Neighborhood fashionista

Staff Writer
Columbus Parent

This article goes against everything I have ever told you. Sometimes fashion has no place in the place you are in. For months I have been ranting and raving about various fashion trends, styles, and disasters-telling your what to wear and what to avoid. Now, am I'm going to tell you to throw fashion out the window and embrace fanny packs and animal sweaters? Not really.

While honeymooning in Jamaica, I met a couple of ladies and got to chatting about work. When I mentioned I write a fashion column, both ladies perked up and went so far as to exclaim, "You're like Carrie Bradshaw!" Yeah, I guess I kinda am, only in Columbus and not writing about sex.

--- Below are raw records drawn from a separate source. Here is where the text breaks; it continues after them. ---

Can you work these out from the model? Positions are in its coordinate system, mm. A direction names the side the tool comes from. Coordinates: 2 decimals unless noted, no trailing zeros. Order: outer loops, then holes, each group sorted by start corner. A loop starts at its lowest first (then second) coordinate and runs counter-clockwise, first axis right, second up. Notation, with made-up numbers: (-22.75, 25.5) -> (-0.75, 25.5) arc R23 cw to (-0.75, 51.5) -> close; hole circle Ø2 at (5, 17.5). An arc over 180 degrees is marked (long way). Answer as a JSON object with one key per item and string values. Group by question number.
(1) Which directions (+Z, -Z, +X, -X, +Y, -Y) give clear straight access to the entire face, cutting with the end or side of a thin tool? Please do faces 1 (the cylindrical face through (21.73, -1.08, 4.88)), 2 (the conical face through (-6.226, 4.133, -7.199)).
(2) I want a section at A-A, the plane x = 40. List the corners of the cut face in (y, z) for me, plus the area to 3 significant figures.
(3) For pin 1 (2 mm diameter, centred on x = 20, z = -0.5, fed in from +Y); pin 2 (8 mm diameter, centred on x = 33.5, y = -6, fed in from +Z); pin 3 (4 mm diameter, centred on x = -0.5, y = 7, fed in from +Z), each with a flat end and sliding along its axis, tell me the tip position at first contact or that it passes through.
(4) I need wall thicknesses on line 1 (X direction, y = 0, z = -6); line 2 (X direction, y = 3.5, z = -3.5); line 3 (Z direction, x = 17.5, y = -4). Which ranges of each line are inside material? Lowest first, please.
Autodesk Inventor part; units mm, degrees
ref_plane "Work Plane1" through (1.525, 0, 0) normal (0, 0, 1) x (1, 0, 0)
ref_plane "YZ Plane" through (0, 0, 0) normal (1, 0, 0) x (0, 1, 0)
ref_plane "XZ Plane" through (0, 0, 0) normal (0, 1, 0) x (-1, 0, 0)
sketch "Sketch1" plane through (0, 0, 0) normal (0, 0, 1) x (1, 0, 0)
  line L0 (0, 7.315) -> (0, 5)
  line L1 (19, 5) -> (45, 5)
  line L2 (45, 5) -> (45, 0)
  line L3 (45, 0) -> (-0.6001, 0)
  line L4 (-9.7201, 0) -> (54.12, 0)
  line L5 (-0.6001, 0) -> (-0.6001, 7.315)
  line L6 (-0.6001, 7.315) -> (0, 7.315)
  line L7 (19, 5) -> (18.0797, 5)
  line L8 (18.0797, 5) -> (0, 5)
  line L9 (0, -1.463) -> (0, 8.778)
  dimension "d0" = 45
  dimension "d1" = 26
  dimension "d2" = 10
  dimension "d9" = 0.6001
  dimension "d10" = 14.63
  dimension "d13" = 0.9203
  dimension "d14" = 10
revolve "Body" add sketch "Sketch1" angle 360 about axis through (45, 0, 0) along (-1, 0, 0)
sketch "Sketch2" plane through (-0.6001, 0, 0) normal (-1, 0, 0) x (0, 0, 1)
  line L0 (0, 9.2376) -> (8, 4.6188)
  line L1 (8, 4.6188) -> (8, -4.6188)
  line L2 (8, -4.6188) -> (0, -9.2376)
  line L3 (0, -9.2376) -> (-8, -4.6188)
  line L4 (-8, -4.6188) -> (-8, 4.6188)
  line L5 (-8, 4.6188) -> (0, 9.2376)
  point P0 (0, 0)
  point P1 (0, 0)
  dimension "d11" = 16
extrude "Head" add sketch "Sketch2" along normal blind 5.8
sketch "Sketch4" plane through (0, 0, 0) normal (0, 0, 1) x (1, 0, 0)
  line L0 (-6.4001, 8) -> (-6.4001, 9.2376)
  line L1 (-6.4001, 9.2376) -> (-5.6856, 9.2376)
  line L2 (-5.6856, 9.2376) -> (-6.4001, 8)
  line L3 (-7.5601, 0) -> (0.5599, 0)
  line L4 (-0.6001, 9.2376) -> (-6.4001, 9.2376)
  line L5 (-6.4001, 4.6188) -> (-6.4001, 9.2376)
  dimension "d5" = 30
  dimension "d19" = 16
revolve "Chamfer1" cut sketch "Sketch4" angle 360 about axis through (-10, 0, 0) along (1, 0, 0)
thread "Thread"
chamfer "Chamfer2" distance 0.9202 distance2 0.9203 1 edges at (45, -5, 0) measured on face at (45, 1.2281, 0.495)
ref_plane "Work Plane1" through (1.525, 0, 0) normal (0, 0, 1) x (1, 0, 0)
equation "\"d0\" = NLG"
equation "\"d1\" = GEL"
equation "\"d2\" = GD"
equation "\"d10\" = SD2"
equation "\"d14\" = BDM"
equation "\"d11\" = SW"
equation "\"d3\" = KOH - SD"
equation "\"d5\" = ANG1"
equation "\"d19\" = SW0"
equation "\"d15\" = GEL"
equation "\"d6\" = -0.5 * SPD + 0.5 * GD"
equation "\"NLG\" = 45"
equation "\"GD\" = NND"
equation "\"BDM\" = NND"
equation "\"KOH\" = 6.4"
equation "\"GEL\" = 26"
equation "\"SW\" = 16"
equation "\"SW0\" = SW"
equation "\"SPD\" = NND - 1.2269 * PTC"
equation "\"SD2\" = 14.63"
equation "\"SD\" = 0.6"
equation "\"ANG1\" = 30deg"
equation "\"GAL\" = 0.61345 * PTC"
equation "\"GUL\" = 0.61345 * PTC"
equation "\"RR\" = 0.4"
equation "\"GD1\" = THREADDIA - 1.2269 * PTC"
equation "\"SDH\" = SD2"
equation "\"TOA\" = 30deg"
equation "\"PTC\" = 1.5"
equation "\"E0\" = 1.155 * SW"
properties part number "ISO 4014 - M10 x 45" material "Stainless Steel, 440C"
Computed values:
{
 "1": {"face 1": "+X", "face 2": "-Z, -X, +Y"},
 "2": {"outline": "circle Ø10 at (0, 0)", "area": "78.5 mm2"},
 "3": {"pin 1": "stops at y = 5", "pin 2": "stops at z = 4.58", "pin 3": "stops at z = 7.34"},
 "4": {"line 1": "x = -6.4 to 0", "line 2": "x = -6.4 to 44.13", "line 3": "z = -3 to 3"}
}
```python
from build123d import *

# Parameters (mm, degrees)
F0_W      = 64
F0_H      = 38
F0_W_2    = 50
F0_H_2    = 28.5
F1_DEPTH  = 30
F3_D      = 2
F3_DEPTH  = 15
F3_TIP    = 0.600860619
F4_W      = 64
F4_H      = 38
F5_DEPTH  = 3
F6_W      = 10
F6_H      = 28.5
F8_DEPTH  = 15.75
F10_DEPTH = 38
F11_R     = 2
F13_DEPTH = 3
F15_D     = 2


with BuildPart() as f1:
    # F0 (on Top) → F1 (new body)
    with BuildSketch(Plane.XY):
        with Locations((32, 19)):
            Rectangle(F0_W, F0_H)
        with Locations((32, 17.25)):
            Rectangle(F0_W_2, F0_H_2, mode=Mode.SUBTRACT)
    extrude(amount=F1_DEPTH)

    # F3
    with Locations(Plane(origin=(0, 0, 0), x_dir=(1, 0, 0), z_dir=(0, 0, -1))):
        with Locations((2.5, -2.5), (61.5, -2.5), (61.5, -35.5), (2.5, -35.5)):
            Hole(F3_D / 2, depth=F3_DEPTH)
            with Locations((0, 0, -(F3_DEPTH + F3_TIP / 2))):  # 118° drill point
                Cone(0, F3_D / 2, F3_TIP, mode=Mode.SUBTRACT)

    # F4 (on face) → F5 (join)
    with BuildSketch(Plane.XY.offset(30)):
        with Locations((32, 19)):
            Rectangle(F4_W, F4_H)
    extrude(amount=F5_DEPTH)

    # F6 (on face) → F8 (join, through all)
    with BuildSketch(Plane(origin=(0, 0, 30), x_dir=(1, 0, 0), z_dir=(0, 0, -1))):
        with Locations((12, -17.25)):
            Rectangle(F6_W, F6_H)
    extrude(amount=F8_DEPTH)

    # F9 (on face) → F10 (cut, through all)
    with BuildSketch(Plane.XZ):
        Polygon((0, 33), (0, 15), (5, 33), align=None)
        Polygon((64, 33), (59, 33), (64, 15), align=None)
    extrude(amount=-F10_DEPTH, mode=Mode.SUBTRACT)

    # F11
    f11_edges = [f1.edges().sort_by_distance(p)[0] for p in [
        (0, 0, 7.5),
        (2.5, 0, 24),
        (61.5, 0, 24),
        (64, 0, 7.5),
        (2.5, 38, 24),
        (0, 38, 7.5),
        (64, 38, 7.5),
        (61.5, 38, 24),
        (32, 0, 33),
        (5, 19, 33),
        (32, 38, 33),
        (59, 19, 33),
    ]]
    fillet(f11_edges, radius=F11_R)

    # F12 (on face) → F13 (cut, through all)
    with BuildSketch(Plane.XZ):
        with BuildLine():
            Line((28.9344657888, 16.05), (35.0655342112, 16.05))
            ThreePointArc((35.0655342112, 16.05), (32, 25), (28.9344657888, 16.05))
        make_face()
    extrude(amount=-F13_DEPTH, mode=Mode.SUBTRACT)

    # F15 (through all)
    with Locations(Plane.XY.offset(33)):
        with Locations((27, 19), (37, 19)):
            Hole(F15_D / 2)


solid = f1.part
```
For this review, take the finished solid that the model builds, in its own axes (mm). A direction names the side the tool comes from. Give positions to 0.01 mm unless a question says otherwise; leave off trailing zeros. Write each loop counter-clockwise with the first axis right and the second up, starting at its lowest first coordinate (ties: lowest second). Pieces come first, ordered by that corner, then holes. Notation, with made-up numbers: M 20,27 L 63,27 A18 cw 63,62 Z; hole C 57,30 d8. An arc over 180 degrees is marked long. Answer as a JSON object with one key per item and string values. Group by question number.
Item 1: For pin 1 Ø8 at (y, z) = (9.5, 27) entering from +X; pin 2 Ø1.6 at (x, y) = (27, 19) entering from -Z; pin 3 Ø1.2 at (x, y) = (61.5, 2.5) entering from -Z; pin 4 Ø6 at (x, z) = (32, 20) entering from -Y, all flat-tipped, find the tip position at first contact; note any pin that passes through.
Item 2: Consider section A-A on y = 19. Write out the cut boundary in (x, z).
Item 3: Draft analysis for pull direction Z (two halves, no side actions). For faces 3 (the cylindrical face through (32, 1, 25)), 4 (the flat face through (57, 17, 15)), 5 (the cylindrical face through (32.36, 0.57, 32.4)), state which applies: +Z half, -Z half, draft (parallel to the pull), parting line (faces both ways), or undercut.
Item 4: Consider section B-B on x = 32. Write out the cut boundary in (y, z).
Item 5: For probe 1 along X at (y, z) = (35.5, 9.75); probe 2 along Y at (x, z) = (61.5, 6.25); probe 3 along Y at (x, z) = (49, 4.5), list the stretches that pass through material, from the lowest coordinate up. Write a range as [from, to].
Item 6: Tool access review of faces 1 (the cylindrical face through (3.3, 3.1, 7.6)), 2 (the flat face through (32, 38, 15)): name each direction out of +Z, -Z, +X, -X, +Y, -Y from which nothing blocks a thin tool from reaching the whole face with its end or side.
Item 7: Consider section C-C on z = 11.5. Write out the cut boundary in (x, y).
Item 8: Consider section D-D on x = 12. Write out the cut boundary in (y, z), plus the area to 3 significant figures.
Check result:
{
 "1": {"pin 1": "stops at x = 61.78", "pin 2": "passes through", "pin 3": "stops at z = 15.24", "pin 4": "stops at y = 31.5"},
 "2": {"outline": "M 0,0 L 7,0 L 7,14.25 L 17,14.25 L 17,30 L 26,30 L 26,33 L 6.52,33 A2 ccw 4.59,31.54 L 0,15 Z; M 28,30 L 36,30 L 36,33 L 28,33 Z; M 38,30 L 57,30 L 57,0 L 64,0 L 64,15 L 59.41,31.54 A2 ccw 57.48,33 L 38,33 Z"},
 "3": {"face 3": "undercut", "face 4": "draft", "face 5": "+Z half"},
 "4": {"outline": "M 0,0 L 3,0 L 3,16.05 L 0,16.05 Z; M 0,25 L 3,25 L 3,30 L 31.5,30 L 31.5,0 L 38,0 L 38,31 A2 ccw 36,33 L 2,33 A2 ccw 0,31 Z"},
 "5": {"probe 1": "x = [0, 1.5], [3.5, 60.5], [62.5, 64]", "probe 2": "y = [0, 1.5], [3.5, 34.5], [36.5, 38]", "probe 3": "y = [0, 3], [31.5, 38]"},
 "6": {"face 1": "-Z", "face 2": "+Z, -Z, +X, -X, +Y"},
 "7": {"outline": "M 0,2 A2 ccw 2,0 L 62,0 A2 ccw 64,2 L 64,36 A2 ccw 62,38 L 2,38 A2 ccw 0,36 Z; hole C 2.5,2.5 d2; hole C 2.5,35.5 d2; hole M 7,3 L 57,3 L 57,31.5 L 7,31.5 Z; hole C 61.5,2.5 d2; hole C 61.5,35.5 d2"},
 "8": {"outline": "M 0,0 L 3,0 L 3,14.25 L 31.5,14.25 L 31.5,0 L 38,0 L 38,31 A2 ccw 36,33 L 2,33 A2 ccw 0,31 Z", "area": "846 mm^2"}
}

They asked if I had seen any fashion faux pas on the beach that I would write about when I got home. I replied yes and lied that I had seen a hideous outfit. Yes I lied! Mostly because I realized I hadn't seen any outfit disasters. This is not because all the worlds' elite fashionistas had converged on the island that weekend. Far from it. It was because I was so infected with island good cheer I didn't notice the fashion folly going on all around. I actually began to think I had, gasp, packed too many clothes.

This relaxing of fashion rule does not mean you can go to the grocery store in Dublin wearing pajama pants and slippers. That is still a big no-no. What it does mean is when you finally get a vacation from your life, you should be able to shut down your brain and not care what you are wearing, what size you are, or how you really look in that bathing suit. No one else is looking or judging because they are all escaping their reality too. Just remember when you come home and get back to reality, hang up the fanny pack. Cuz I'm watchin'.